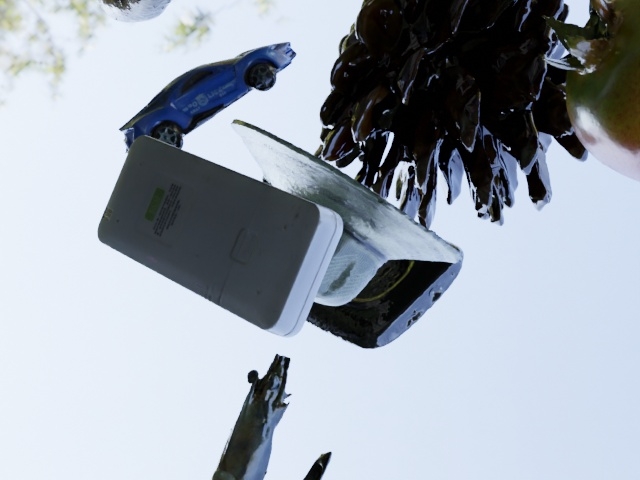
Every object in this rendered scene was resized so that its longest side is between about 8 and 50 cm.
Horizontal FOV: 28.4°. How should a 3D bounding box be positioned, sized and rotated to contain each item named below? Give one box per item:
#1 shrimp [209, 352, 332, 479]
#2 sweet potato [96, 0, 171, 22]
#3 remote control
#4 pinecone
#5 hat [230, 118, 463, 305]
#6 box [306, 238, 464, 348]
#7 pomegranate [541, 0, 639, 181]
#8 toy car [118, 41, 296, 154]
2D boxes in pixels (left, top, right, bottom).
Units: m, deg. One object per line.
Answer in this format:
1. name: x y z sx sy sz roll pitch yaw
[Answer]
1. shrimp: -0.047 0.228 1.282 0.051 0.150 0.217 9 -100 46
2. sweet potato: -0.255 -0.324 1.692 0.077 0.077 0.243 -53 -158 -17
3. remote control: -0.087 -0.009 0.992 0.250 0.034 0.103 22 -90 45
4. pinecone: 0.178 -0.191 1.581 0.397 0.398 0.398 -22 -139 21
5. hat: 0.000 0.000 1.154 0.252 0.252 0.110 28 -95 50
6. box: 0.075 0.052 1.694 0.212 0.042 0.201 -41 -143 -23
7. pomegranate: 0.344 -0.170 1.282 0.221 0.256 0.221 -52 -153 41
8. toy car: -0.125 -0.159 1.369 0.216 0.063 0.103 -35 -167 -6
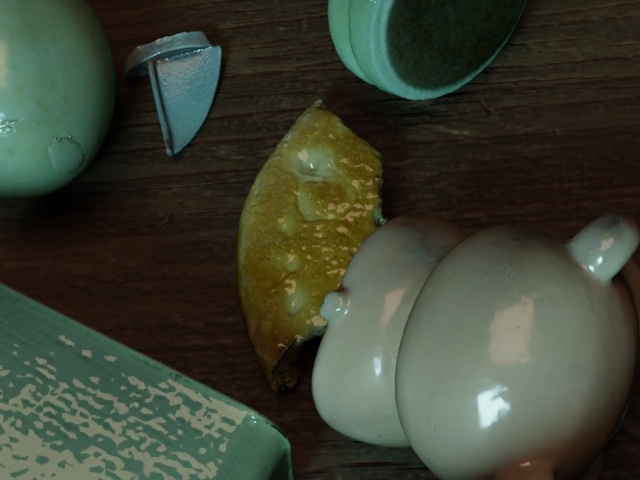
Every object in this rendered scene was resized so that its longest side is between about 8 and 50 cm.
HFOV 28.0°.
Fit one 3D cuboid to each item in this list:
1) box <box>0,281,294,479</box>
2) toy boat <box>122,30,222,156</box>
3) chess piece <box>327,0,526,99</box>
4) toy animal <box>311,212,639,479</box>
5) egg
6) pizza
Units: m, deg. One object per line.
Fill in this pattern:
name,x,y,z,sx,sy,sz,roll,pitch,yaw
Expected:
++++++++
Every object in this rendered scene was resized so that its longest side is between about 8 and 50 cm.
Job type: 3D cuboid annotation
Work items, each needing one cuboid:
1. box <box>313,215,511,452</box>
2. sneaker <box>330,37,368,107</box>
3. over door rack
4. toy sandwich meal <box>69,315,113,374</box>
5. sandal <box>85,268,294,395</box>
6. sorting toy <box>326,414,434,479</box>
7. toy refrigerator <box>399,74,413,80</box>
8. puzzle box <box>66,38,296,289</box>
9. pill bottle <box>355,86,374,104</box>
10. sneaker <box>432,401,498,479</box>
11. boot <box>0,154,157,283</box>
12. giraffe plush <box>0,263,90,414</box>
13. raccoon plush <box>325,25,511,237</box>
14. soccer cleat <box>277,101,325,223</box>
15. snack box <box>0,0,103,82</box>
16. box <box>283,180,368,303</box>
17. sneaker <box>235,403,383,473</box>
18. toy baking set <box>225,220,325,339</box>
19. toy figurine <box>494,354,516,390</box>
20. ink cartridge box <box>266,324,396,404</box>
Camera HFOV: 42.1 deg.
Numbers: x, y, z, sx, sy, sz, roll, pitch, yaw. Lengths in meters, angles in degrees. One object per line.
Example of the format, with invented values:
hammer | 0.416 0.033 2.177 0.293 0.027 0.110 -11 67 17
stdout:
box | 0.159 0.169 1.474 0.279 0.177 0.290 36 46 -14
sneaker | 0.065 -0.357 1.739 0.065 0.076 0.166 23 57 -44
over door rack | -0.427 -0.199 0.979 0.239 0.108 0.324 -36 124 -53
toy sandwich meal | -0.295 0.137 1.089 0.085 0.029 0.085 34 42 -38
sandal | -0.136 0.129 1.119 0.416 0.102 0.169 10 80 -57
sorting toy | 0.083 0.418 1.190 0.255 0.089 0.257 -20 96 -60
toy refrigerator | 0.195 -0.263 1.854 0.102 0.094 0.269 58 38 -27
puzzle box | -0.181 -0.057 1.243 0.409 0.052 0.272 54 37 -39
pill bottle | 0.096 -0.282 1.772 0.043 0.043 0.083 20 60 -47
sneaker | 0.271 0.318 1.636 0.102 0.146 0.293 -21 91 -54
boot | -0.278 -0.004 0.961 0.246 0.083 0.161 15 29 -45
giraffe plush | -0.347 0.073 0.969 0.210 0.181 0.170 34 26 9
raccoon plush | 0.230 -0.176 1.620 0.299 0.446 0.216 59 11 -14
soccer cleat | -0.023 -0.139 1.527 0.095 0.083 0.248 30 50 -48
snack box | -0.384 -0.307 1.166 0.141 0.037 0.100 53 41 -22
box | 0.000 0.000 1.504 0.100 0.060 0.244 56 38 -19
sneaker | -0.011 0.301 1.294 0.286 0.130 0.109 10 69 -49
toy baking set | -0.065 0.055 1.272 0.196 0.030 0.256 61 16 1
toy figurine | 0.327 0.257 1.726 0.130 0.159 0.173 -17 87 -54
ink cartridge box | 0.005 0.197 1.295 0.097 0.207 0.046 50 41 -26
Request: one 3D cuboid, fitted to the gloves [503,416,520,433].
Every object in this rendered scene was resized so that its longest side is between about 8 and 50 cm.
++++++++
Leave out every line above except those from the line with "#1 shrimp [209, 352, 332, 479]" up to and including the line with "Answer in this", and copy those exactly.

▶ **Response box**
#1 shrimp [209, 352, 332, 479]
#2 sweet potato [96, 0, 171, 22]
#3 remote control
#4 pinecone
#5 hat [230, 118, 463, 305]
#6 box [306, 238, 464, 348]
#7 pomegranate [541, 0, 639, 181]
#8 toy car [118, 41, 296, 154]
2D boxes in pixels (left, top, right, bottom).
Units: m, deg. One object per line.
Answer in this format:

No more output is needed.